- Abbreviation: LMS-USA
- Classification: Lutheran
- Region: United States
- Origin: 1995 Indianapolis, Indiana
- Separated from: American Association of Lutheran Churches
- Official website: www.lmsusa.org

= Lutheran Ministerium and Synod – USA =

The Lutheran Ministerium and Synod – USA (LMS-USA) is a small Lutheran Christian denomination based in the United States. Its congregations are mostly located in the Upper Midwest, and the church body maintains its official headquarters in Indianapolis, Indiana.

Founded in 1995, the LMS-USA is governed by principles known as "free church". It has a congregationalist governance structure with no bishops or district presidents, and the national leadership has "the authority only to advise and recommend" to its member congregations.

The LMS-USA joined the International Lutheran Council (ILC) in 2012. They have around 27 baptized members.

==History==

The synod was born when its original member congregations split from the American Association of Lutheran Churches (AALC), a church that itself had broken with the American Lutheran Church (ALC) when that body participated in the 1988 merger that formed the Evangelical Lutheran Church in America (ELCA).

After splitting with the American Lutheran Church in 1987, the AALC originally sought to provide a home for former ALC parishioners and other Lutherans that would encompass orthodox, charismatic, and evangelical strains of Lutheranism. During the late 1980s and early 1990s, several ministers of the newly formed AALC became concerned over the increasing dominance of charismatic or Pentecostal strains of liturgy and theology within the church, particularly at the AALC's new seminary.
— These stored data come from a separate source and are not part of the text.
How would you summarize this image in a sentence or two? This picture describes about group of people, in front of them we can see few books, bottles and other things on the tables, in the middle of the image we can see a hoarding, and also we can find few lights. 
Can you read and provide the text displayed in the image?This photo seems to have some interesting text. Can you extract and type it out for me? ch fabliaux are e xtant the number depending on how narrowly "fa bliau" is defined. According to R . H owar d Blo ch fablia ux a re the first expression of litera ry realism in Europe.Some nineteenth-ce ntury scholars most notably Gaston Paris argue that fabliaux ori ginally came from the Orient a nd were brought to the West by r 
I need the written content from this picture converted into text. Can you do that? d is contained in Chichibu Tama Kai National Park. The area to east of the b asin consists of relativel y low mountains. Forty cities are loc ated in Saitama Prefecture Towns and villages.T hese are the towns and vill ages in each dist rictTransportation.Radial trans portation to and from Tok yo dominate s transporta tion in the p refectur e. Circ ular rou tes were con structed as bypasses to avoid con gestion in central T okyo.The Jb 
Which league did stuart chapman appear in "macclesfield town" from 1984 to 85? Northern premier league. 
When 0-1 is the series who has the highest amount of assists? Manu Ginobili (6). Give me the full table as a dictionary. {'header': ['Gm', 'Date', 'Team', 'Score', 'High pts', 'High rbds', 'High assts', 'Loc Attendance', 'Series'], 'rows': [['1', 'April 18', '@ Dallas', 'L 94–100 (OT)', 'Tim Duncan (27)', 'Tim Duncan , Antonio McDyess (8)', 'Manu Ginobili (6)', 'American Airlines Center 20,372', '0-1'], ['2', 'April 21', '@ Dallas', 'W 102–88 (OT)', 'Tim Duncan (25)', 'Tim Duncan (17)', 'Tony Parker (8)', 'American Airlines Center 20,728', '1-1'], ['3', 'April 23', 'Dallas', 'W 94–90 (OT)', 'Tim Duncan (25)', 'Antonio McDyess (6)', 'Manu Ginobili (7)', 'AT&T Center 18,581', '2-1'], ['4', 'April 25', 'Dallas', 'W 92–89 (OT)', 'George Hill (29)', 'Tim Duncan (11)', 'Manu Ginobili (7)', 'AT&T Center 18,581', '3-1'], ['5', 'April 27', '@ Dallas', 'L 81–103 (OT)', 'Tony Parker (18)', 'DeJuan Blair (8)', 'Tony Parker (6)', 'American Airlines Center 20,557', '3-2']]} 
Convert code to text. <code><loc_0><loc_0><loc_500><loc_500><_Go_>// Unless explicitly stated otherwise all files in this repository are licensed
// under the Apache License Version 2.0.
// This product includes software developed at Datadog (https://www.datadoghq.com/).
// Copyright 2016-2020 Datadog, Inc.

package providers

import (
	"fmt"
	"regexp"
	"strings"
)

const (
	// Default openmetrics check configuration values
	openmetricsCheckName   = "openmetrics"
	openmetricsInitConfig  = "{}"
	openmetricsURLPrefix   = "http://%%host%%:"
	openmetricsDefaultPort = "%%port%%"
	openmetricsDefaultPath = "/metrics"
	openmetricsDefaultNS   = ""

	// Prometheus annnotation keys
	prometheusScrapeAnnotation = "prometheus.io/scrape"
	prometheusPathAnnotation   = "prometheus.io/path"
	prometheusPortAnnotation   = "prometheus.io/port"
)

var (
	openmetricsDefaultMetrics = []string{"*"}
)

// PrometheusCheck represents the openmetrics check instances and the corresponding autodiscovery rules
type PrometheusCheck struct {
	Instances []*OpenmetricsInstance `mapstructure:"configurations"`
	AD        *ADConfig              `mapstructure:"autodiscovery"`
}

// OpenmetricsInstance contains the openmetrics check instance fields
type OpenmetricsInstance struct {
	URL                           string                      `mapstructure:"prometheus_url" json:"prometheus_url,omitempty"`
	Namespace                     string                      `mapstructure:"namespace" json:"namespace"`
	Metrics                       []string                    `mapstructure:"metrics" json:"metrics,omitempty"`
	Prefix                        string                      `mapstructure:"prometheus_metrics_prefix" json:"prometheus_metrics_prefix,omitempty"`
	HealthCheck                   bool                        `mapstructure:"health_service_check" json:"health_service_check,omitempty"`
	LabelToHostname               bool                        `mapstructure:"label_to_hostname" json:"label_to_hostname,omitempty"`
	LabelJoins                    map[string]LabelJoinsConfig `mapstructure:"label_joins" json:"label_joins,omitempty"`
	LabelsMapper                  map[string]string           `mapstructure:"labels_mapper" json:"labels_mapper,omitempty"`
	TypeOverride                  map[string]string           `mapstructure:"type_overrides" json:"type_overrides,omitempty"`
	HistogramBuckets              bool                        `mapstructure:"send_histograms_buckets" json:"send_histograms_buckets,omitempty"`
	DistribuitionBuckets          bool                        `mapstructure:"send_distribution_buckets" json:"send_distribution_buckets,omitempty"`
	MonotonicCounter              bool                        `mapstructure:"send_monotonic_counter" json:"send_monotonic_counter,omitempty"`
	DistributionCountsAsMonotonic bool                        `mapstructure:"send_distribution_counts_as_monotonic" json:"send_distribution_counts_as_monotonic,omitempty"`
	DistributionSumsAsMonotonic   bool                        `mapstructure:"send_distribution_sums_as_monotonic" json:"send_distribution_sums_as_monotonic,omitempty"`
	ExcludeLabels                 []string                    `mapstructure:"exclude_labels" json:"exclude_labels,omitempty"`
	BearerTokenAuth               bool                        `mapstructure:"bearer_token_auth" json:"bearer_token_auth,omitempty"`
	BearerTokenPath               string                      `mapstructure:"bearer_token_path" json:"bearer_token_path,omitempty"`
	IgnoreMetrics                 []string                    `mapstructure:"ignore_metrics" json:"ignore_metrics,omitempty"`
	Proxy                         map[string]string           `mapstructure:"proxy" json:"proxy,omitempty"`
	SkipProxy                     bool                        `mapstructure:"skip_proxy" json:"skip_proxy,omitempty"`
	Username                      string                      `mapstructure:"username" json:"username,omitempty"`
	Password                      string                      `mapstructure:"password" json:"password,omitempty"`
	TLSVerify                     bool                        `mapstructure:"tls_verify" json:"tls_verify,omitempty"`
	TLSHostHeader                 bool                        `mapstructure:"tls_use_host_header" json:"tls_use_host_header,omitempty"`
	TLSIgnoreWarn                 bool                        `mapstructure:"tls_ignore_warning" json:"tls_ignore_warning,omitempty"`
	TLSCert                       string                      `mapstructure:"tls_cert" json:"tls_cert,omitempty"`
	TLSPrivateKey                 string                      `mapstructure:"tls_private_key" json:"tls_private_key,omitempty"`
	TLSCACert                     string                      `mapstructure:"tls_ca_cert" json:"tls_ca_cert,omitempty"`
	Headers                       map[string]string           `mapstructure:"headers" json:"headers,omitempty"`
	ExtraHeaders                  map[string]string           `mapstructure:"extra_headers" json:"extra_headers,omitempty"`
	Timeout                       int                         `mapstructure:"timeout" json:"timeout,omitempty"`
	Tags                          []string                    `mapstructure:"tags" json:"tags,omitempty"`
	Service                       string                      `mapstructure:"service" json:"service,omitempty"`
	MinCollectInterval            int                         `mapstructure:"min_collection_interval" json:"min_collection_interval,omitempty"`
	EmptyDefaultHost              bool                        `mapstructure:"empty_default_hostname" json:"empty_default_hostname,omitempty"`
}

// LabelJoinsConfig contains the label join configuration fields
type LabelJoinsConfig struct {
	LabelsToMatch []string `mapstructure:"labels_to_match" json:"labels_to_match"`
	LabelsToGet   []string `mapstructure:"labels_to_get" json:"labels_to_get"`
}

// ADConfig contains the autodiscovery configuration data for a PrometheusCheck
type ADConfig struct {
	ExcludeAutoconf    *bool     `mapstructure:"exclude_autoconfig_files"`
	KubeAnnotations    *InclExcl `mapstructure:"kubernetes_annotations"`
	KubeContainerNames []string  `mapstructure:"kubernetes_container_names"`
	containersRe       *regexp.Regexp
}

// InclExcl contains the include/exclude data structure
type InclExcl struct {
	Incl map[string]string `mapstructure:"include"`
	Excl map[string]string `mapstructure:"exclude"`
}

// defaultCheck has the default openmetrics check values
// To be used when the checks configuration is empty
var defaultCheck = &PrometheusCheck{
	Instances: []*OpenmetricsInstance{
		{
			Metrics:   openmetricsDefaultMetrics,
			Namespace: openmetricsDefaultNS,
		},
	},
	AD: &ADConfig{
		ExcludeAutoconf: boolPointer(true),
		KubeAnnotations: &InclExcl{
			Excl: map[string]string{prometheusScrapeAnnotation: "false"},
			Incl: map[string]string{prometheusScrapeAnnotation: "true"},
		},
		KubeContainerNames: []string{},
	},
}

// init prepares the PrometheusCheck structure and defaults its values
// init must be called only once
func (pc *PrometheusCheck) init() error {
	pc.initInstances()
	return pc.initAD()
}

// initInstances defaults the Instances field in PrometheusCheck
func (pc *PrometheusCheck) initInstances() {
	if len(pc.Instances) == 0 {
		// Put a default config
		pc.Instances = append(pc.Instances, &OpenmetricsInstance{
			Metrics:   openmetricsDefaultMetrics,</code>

This handful of pastors submitted resolutions to the AALC's June 1994 convention that would remove references to the church's three-strand orientation (orthodox, charismatic, and evangelical), and that would remove from consideration a candidate for a seminary professorship that the pastors found objectionable. After their resolutions failed, three AALC congregations left that body and formed the LMS-USA at an April 1995 conference in Indianapolis. They left in order to uphold the inerrancy of Scripture and to not compromise their stance against the charismatic movement.

==Beliefs==

The LMS-USA accepts the inerrancy of scripture and the Lutheran Confessions as found in the Book of Concord. Congregations have broad latitude in determining the standards for admission to Holy Communion. The LMS-USA describes itself as "moderate or middle-conservative" socially and theologically. According to church documents, the LMS-USA seeks to "fill the gap" in American Lutheranism between the more liberal ELCA and what it calls "the conservative to ultra-conservative" approach of the other Lutheran church bodies in the United States.

==Pastoral training==

In fall 1999, the LMS-USA established St. Timothy Lutheran Seminary for the training of clergy in the denomination. The institution is primarily a "seminary without walls," registered in the State of Wisconsin. Students typically study at one of a number of non-LMS Lutheran or other seminaries, while receiving supervision from the LMS-USA seminary board and faculty and meeting regularly with a mentoring LMS-USA pastor. The LMS-USA also works with graduates of other seminaries, prospective pastors who wish to attend an accredited institution, or second- or third-career individuals considering the ministry in order to map out any additional training which may be required in doctrine or ministerial practice.